What researchers are saying is that you’re taking some serious health chances doing your own microdosing until they can do more studies and figure microdosing out—as the psychedelics renaissance proceeds full steam ahead. 

So OK—it’s likely that the evolution of the revolution will soon reveal a solution to your motion for a potion. Microdosing is a full-fledged consumer trend introduced and promoted by the hip and connected that is slowly but surely trickling down to the everyday citizen as the psychedelics industry picks up momentum and broadens its appeal. 

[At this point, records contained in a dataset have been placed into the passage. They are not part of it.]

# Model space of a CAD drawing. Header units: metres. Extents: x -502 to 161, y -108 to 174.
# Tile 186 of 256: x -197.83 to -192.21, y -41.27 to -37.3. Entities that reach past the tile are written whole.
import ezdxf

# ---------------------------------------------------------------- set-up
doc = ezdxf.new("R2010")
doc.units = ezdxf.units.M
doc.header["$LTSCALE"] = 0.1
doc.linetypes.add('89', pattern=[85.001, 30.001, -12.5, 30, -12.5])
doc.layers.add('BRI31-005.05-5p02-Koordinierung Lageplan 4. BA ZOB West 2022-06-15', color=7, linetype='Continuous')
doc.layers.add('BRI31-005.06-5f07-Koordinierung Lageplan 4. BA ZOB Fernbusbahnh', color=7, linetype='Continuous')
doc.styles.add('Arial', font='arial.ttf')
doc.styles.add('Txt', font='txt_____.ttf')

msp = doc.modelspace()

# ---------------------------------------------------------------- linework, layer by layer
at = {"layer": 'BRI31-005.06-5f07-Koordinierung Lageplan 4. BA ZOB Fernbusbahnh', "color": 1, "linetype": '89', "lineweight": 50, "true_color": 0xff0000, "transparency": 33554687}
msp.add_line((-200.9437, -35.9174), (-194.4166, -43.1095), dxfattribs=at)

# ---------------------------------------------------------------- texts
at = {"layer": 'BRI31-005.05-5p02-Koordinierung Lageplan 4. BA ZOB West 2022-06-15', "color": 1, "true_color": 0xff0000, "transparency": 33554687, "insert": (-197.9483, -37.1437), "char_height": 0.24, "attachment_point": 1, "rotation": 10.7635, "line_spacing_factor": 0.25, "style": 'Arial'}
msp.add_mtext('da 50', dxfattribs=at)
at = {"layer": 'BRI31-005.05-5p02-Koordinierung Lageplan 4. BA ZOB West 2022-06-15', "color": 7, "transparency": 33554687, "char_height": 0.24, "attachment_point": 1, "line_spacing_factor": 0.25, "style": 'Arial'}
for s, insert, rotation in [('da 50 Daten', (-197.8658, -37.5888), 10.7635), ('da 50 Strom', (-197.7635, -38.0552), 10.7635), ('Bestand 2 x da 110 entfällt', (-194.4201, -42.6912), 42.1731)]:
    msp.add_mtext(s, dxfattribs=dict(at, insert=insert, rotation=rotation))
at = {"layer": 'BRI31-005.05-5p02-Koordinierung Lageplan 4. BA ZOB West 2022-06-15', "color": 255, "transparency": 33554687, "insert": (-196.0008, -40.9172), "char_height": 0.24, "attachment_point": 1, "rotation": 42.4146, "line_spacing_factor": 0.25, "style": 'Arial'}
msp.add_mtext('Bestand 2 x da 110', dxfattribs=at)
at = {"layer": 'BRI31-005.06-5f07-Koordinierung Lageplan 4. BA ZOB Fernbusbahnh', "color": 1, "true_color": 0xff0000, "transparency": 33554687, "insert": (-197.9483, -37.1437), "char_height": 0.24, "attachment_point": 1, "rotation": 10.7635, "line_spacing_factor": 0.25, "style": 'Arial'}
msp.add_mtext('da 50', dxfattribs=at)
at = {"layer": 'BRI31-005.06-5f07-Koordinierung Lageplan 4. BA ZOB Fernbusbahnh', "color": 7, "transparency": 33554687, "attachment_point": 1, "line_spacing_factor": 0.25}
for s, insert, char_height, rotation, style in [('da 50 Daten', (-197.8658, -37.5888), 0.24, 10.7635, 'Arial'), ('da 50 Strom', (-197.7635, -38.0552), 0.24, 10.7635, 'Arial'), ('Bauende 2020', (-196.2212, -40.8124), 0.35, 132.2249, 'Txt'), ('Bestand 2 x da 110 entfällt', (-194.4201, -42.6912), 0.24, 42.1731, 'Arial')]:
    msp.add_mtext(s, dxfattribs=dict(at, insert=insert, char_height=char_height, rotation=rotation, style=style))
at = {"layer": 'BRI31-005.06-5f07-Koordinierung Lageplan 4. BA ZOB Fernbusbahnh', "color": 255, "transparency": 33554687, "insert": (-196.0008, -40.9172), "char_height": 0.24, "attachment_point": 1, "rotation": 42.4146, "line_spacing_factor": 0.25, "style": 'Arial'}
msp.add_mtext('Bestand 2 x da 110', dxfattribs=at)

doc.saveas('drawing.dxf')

The message today seems to be microdose at your own risk, but let the researchers hash out the details for a safer experience tomorrow—if you can wait that long.

Dave Hodes

David Hodes is a business journalist based in the Washington D.C. metropolitan area. He has contributed feature articles to several cannabis and psychedelics publications, as well as general business/lifestyle publications, on a variety of topics. Hodes was selected as 2018 Journalist of the Year by Americans for Safe Access. He is a member of the National Press Club, and the deputy booking agent for the National Press Club Headliners Committee.


Agrify

3 comments

  • Marcie

    June 30, 2022 at 4:35 pm

    We’ll never know b/c our government can’t stop fighting.

    Reply

  • Charles H. Finnie

    July 1, 2022 at 6:33 pm

    Mr. Hodes has not done his homework. There is a large and growing collection of peer-reviewed medical studies that show enormous mental health benefits from psychedelics-based therapies. The most rspeected medical institutions — including Harvard, Johns Hopkins and Mass. Genereal Hospital — have launched psychedelics research centers because the research has been so positive. The New York Times published a big piece last week saying that top Veterans Administration doctors are not waiting for legalization, because they know the most effective therapies for PTSD are psychedelics-based.
    This stuff is safe, effective, and badly needed. Listen to the experts.
    CF

    Reply

    • Debra Borchardt

      July 5, 2022 at 8:28 am

      This is specifically referring to just microdosing. Mr. Hodes has written numerous articles about psychedelic research, but he is correct there have been very few studies on people who microdose over a long period of time.